The function \(f(x)=\frac{x+1}{x^2+1}\) has second derivative \(f''(x)=2\,\frac{x^3-3x+3x^2-1}{({x^2+1})^3}\) of which roots are \(x_1=1\), \(x_2=-2+\sqrt{3}\) and \(x_3=-2-\sqrt{3}\).

It's easy to check that \((x_1,f(x_1))\), \((x_2,f(x_2))\) and \((x_3,f(x_3))\) are the three points of inflection of curve \(y=\frac{x+1}{x^2+1}\).

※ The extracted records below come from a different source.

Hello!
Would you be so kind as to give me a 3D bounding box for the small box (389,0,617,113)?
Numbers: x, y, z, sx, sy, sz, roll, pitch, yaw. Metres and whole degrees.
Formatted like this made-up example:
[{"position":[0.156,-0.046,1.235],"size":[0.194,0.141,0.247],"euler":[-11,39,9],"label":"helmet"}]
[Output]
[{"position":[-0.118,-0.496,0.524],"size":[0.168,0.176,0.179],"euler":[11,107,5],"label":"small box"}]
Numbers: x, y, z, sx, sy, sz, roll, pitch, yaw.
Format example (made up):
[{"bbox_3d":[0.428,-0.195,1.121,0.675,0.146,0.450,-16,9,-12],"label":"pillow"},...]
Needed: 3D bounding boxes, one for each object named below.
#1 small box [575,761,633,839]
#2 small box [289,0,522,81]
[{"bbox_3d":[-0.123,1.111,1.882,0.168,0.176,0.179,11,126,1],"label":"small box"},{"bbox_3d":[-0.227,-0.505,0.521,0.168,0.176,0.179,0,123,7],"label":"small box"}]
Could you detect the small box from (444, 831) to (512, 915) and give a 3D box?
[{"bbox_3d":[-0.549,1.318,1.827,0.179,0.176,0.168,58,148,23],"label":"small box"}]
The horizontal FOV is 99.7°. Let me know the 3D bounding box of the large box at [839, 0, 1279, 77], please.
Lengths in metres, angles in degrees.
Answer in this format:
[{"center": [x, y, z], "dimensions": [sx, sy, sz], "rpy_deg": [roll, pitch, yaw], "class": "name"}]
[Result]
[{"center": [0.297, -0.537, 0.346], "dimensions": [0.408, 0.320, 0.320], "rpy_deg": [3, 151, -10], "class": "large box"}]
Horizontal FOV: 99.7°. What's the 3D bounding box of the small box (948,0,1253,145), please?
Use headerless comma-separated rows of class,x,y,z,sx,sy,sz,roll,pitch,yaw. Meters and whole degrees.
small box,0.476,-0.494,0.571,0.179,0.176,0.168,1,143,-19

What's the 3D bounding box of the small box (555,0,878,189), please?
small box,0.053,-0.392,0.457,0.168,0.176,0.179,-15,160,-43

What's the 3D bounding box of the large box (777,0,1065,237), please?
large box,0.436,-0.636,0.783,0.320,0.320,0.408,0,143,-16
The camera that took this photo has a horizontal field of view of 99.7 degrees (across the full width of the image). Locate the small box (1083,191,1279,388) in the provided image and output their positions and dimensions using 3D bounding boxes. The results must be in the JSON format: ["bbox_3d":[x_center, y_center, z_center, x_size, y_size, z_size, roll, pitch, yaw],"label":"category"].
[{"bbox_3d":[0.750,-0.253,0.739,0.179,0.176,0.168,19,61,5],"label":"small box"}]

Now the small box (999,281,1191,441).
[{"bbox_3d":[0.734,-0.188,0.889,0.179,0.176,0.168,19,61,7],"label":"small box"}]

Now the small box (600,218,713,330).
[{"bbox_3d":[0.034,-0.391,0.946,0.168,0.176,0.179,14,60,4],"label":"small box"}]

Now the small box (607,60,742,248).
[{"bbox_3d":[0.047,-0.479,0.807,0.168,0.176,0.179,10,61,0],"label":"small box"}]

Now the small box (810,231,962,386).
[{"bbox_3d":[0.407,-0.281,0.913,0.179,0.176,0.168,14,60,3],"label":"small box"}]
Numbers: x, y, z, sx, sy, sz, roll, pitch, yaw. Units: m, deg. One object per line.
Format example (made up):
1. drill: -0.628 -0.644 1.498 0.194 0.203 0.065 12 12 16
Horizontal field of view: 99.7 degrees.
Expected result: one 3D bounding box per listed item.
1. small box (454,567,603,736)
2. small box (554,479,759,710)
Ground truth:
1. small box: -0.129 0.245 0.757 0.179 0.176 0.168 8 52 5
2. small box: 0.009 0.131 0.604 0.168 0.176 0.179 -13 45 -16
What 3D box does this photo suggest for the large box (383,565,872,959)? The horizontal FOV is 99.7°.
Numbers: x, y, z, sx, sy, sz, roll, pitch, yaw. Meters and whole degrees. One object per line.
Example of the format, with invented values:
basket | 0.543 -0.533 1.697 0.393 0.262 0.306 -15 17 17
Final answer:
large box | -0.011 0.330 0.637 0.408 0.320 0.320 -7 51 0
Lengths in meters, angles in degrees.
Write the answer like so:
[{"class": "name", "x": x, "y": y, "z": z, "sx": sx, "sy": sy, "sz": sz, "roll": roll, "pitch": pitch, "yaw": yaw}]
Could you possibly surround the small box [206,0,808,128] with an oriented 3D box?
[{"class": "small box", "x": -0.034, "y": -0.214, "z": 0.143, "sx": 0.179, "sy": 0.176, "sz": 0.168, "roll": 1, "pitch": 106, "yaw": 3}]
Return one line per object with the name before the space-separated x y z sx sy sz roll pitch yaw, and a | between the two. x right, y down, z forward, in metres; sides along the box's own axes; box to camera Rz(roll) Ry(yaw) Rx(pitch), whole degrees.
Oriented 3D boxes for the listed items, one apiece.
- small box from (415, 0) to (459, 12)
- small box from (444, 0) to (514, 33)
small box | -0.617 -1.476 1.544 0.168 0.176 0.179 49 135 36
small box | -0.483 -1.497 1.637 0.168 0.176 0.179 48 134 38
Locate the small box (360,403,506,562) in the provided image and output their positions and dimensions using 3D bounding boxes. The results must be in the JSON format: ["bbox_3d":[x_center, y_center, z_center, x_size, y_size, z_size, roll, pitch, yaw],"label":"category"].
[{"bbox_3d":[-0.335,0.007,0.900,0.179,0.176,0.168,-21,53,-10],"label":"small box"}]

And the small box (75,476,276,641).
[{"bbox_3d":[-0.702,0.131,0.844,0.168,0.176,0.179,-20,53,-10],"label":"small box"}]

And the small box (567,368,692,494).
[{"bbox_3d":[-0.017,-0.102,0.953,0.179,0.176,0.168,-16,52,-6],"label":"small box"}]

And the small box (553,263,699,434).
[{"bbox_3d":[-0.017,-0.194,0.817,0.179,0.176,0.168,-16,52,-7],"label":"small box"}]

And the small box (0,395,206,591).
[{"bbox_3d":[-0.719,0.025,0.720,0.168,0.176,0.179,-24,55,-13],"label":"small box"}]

Because the difference quotients \(\frac{f(1)-f(-2+\sqrt{3}\,)}{1-(-2+\sqrt{3}\,)}=\frac{1}{4}\frac {-9+5\,\sqrt{3}}{(-2+\sqrt {3}\,)(3-\sqrt{3}\,)}\)and \(\frac{f(1)-f(-2-\sqrt{3}\,)}{1-(-2-\sqrt{3}\,)}=\frac{1}{4}\frac {9+5\,\sqrt{3}}{(2+\sqrt {3}\,)(3+\sqrt{3}\,)}\) are both equal to \(\frac{1}{4}\), we have that the three points of inflection lie on one straight line.